As a friend or family member of someone in active addiction, the most heartbreaking challenge is often the propensity of an addict to engage in dishonest behavior in order to continue using. It’s difficult to have someone you love lie to you, especially if it’s generally uncharacteristic of them.
Being a great liar depends on the degree to which you believe the lies you tell others. Convincing yourself of the truth of something makes it much easier to communicate that truth to others. The best liars believe the lies they tell. This is why addicts lie; because they first lie to themselves. Self-delusion is the true condition of the addict who claims he or she isn’t actually addicted. Self-control is the lie that the addict tells himself. And, because they believe they are in control of their habit, they believe they can just as easily choose not to engage in it as easily as they choose to do so.
Addiction, however, is not the result of lying to oneself. Lying to oneself is the result of addiction. We lie to ourselves whenever we need to justify doing something that we know is not good for us. The lying becomes a habit just like the addiction. This is why we lie to others; because we are simply expressing the justification of which we have already convinced ourselves. Everyone has experienced this at some level and in some area of life. Drug addicts are not the only ones who experience the controlling power of a bad habit. This can be experienced through a variety of different things. Although, substance abuse can be one of the most deadly habits around.
Addiction in the Brain
The phenomenon of addiction originates deeper within our brains than simply doing something out of reflex. It originates deep within our subconscious in an area of the brain called the limbic system. This area of the brain is associated with reward and serves to reinforce and prioritize activities which are essential to survival. For this reason, when we perform an action that makes us feel good, or triggers a pleasure response in the brain, the limbic system registers that action as an action to be repeated. While this happens in our subconscious, our conscious mind interprets the feeling as true and consistent with what we know to be good.

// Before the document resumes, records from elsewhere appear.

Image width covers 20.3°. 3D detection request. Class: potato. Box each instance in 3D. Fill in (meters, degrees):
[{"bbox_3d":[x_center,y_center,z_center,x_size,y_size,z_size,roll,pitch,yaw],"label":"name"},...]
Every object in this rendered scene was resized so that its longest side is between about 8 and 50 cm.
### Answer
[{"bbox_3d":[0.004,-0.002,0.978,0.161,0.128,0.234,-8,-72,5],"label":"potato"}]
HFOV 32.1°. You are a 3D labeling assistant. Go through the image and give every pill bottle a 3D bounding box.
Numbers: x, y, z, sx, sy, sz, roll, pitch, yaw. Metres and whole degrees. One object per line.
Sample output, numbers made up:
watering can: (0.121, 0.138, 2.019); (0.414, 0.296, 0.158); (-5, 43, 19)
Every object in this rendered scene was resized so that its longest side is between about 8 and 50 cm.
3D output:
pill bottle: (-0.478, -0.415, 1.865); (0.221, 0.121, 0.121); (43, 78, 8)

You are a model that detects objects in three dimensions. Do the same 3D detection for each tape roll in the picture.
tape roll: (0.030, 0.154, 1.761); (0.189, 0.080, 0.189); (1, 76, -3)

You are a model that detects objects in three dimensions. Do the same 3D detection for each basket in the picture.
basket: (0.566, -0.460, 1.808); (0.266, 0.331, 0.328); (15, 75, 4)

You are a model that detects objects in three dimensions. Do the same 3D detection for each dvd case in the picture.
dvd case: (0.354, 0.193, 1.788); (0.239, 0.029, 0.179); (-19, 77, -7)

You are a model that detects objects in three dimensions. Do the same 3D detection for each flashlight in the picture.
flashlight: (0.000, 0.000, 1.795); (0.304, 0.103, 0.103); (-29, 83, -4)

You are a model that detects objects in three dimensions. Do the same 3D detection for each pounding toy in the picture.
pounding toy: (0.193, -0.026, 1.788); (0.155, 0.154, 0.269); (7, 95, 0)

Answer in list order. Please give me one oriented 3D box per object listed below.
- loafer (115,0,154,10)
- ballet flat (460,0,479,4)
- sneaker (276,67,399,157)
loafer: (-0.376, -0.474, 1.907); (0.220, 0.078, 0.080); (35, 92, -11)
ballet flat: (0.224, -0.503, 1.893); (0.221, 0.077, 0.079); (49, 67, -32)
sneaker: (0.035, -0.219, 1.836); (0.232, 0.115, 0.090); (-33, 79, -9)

Consider that we only know drug abuse is unhealthy and dangerous because someone else told us so or because we observed someone else suffer from it. If we never learn about the dangers of substance abuse and our own direct experience of it is pleasurable and good, it seems safe to assume there’s no harm. It is not until we experience something painful or uncomfortable while using drugs that our brain associates the drug with harm. If it does, our behavior is likely to change as our brain seeks to repeat other activities which offer the proper rewards. If not, we continue in the previous action because our brain is still associating that action with reward. The difference between the addict and the person who curbs their behavior is that the addict does not make the same associations in their brain between action and consequence in relation to their drug use.

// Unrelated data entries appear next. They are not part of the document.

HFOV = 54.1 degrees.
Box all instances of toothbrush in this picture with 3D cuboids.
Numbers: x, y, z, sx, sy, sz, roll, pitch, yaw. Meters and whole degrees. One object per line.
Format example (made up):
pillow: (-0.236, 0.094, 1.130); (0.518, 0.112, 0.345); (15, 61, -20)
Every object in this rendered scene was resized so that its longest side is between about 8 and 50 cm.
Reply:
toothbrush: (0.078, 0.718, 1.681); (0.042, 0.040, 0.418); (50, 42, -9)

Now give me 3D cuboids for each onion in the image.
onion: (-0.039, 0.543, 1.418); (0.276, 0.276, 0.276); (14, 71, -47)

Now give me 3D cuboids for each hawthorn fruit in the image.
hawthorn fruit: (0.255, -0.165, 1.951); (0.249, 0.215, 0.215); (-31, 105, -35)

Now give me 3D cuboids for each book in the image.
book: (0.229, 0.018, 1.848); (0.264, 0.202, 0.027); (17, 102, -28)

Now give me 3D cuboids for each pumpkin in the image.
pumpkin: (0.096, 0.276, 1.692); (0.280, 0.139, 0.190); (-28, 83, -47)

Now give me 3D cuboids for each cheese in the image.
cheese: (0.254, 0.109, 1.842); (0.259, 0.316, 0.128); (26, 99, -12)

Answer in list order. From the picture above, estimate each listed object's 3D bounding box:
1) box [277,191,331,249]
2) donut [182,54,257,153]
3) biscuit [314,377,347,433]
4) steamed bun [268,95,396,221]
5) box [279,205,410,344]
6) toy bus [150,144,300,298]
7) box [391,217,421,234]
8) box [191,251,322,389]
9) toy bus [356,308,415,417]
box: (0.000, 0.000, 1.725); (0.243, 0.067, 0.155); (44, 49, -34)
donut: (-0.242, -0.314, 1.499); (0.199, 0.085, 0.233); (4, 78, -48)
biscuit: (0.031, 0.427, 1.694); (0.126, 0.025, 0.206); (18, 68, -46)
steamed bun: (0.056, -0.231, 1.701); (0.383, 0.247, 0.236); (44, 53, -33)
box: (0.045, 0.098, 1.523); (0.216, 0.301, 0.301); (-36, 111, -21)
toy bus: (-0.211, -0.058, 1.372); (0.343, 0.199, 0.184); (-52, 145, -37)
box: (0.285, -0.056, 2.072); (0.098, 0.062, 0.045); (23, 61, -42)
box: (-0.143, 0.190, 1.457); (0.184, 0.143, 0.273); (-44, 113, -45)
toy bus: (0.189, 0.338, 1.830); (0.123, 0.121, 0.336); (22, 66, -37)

Pursuing the Need at All Costs
The addict lies because over time the brain has been re-wired to incorrectly believe the substance abuse to be not only pleasurable, but an active need. That is one of the effects that drugs have on the brain; they overload the brain’s reward center and cause it to make incomplete or inaccurate associations between actions and their consequences. When the brain doesn’t see things clearly, it can drive a person to engage in harmful and dishonest behavior without realizing the consequences.
A major part of addiction recovery is learning to see the addiction for what it is and gradually retraining the brain to accommodate healthy, sustainable behavior instead. While it’s never a good idea to allow someone you love to harm or abuse you, we also advocate compassion for the addict in your life. Don’t hate the addict, hate the addiction.